5. This company was initially selected by the assessee as comparable, however during the course of proceeding before the Ld. TPO, the assessee sought to exclude the company from the set of the comparables on the ground of functional dissimilarity. The learned TPO referred to the various pages of the Annual Report of the company ( i.e. P-77, P-92 , P-32 ) and profit and loss account and held that the company provided software development services, which is functionally similar to the assessee, who is also developing software for the associated enterprises.

5.1 Before the Learned DRP, the assessee taken following objections against inclusion of the company:

"1. It is functionally different as it is seen that the company has developed various products to offer to its customer's.
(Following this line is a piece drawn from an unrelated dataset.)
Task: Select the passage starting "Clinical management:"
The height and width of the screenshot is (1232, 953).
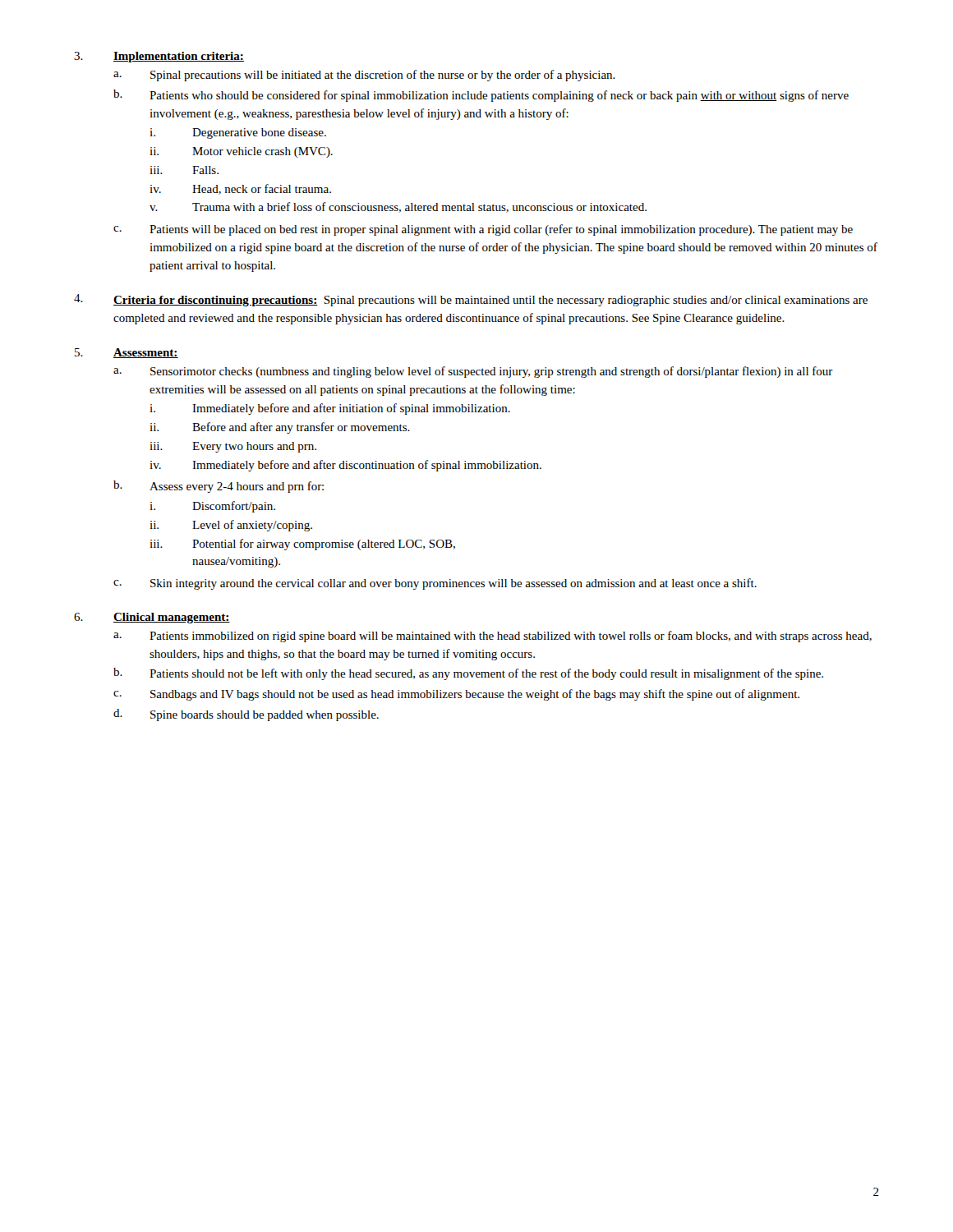Action: pyautogui.click(x=171, y=617)
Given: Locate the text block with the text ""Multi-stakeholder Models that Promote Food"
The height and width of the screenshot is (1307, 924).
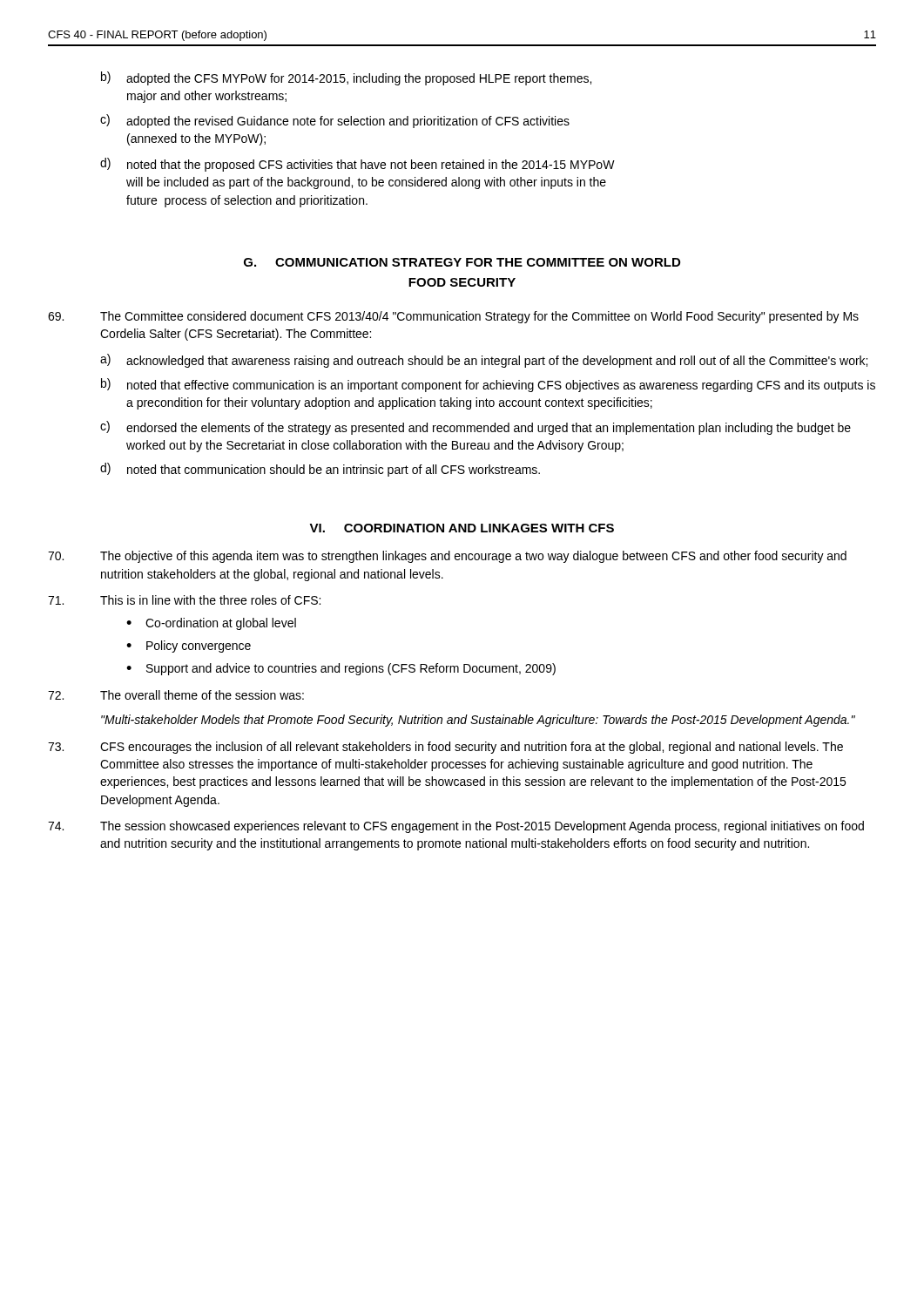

The company developed a software product 'I GOT GARBATE' and also launched a produce, 'Gladius', a video management software.
2. The company also have SAP mobility applications which can be operated on mobile phones and tablets.
3. At page 76 of the annual report the company, the company in its notes to Accounts of the audited accounts has described that the company also provides services in the nature of Business Process management, Business technology consulting, Cloud, independent testing infrastructure management services, Mobility, Product engineering etc.
4. At page 64 of the annual report, the company claims itself to be a full risk bearing entity rendering high end IT services undertaking various risk, such as operational risk, economic environment risk, pricing risk, competition risk, manpower risk, client loss risk, foreign currency fluctuation risk etc."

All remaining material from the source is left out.